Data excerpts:
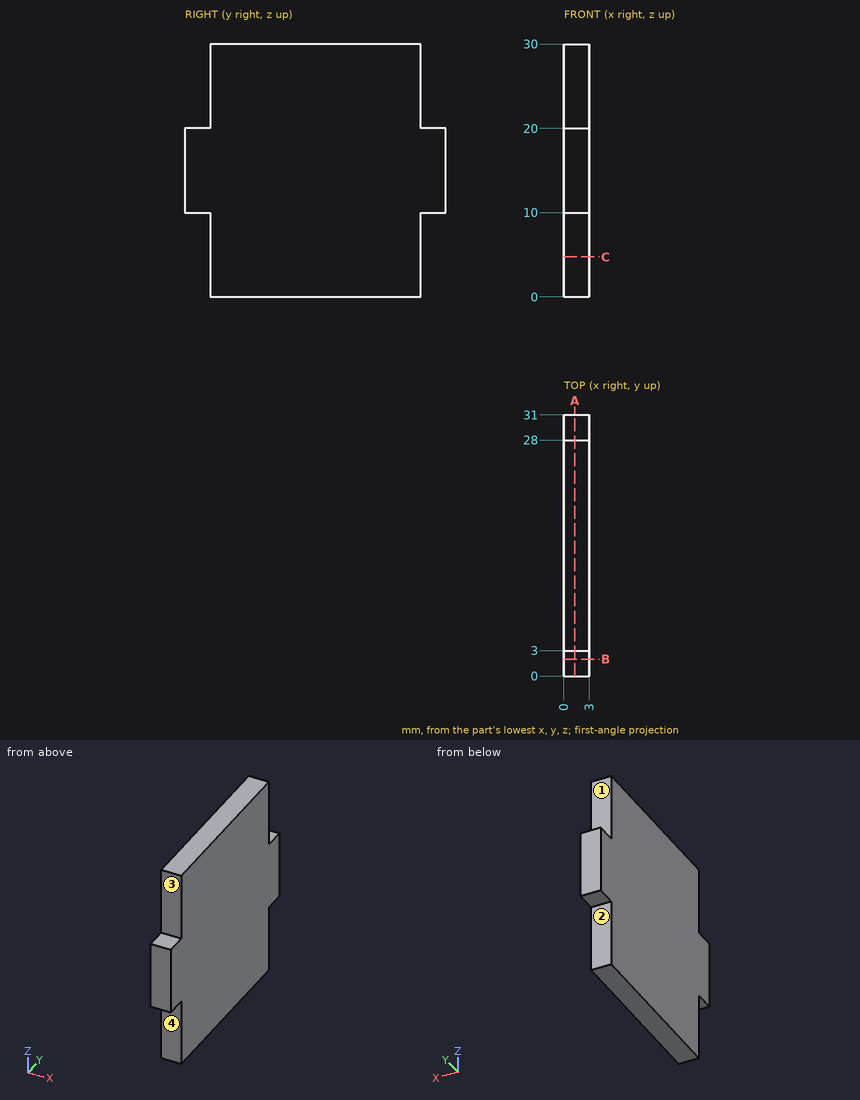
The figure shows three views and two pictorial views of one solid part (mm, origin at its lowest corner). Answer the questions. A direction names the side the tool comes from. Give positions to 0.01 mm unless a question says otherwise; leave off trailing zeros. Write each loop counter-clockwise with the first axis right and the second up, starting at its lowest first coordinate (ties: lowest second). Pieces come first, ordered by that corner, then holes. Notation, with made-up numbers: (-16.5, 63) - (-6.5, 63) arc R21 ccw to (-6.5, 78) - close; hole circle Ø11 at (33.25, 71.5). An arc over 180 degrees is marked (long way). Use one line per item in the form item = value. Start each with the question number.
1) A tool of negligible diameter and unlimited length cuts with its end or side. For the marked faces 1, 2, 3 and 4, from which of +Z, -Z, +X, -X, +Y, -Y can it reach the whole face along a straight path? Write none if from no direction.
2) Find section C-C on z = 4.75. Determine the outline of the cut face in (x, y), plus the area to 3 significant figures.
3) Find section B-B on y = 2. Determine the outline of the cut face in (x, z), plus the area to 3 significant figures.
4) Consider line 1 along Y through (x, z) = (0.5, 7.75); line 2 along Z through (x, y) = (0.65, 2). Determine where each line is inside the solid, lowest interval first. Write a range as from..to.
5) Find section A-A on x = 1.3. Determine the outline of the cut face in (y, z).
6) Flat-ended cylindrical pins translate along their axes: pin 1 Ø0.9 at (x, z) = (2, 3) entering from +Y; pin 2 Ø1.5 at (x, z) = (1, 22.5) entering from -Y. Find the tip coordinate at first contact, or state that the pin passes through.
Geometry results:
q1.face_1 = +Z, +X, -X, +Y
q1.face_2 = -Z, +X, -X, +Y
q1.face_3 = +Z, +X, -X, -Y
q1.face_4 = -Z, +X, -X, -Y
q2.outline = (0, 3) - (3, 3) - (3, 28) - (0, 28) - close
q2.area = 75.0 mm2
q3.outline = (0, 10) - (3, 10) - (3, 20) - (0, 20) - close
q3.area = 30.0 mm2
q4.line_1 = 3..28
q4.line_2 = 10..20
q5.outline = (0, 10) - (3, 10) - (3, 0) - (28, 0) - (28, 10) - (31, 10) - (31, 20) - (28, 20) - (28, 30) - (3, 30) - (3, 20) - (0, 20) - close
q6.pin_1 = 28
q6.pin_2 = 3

» **TO DO**
Copy every line from the records above that contains the string "area".

» **WRITTEN SOLUTION**
2) Find section C-C on z = 4.75. Determine the outline of the cut face in (x, y), plus the area to 3 significant figures.
3) Find section B-B on y = 2. Determine the outline of the cut face in (x, z), plus the area to 3 significant figures.
q2.area = 75.0 mm2
q3.area = 30.0 mm2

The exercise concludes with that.